In the figure: 1 chassis subassembly, 10 poles, 11 horizontal support pole, 12 pole connecting rods, 13 base vertical poles, 14 base horizontal poles, 15 big corner fittings, 16 little corner fittings, 17 butterfly bolts, 18 slider nuts, 19 glands, 2 fuselage simulation frame subassemblies, 20 montants, 21 ring flange, 22 switching dish, 23 balancing weights, 24 counter weight briquetting, 25 baffles, 3 pivot subassemblies, 30 pivots, 31 bearing seats, 32 bearings, 33 shaft couplings, 331 square hole switching round hole body, 332 staple bolt, 34 moment of torsion tester, 35 installing supports, 36 rotation axle sleeves, 37 axle sleeve apron, 4 unmanned aerial vehicles.

Detailed Description

In order to make the objects, technical solutions and advantages of the embodiments of the present invention clearer, the embodiments of the present invention will be clearly and completely described below with reference to the accompanying drawings in the embodiments of the present invention, and it is obvious that the described embodiments are some, but not all, embodiments of the present invention. Based on the embodiments of the present invention, all other embodiments obtained by a person of ordinary skill in the art without creative efforts belong to the protection scope of the present invention.

The present invention will be described in further detail with reference to the accompanying drawings, please refer to fig. 1 to 5.

As shown in figure 1, the overall structure diagram of the transverse wind torque test bench for the unmanned aerial vehicle comprises an underframe assembly (1), a fuselage simulation frame assembly (2) and a rotating shaft assembly (3).

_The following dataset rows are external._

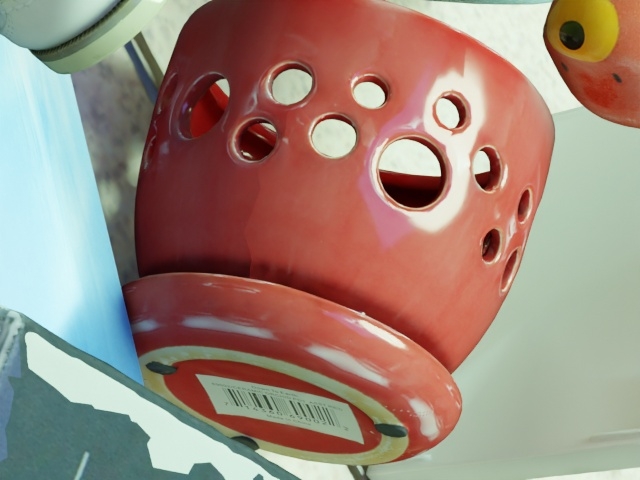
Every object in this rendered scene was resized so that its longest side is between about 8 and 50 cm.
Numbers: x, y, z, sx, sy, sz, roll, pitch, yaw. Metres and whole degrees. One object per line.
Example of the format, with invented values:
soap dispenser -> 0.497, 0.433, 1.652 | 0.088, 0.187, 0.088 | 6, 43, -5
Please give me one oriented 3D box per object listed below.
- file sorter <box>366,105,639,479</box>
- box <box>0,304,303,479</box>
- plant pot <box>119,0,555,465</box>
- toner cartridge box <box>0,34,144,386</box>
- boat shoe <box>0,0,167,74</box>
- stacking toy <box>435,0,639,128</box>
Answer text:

Wherein, the chassis component (1) is tightly connected with the rotating shaft component (3), the machine body simulation frame component (2) is tightly connected with the rotating shaft component (3), the relative position between the machine body simulation frame component (2) and the rotating shaft component (3) can be adjusted, and the machine body simulation frame component (2) can integrally rotate.

Further, as shown in fig. 2, the underframe assembly (1) comprises a vertical rod (10), a horizontal support rod (11), a vertical rod connecting rod (12), a base vertical rod (13), a base cross rod (14), a large angle piece (15), a small angle piece (16) and a gland (19). The vertical rods (10) are arranged in the vertical direction, and the horizontal support rods (11), the vertical rod connecting rods (12), the base longitudinal rods (13) and the base transverse rods (14) are all arranged in the horizontal direction; the vertical rods (10) and the horizontal supporting rods (11), the vertical rods (10) and the vertical rod connecting rods (12) and the vertical rods (10) and the base longitudinal rods (13) are connected by large-angle pieces (15) so as to ensure the verticality of the mutual connection positions; the vertical base rods (13) and the horizontal base rods (14), the vertical base rods (13) and the vertical rod connecting rods (12) and the vertical base rods (13) and the horizontal supporting rods (11) are connected through small corner pieces (16) to ensure the perpendicularity of the connecting positions. The large angle piece (15) and the small angle piece (16) are connected with each rod piece by fastening a butterfly bolt (17) and a slide block nut (18). The schematic structural diagram of the butterfly bolt (17) and the slider nut (18) is shown in fig. 5. The end parts of the horizontal supporting rod (11) and the base vertical rod (13) are inserted with the gland (19). The gland (19) is a plastic piece.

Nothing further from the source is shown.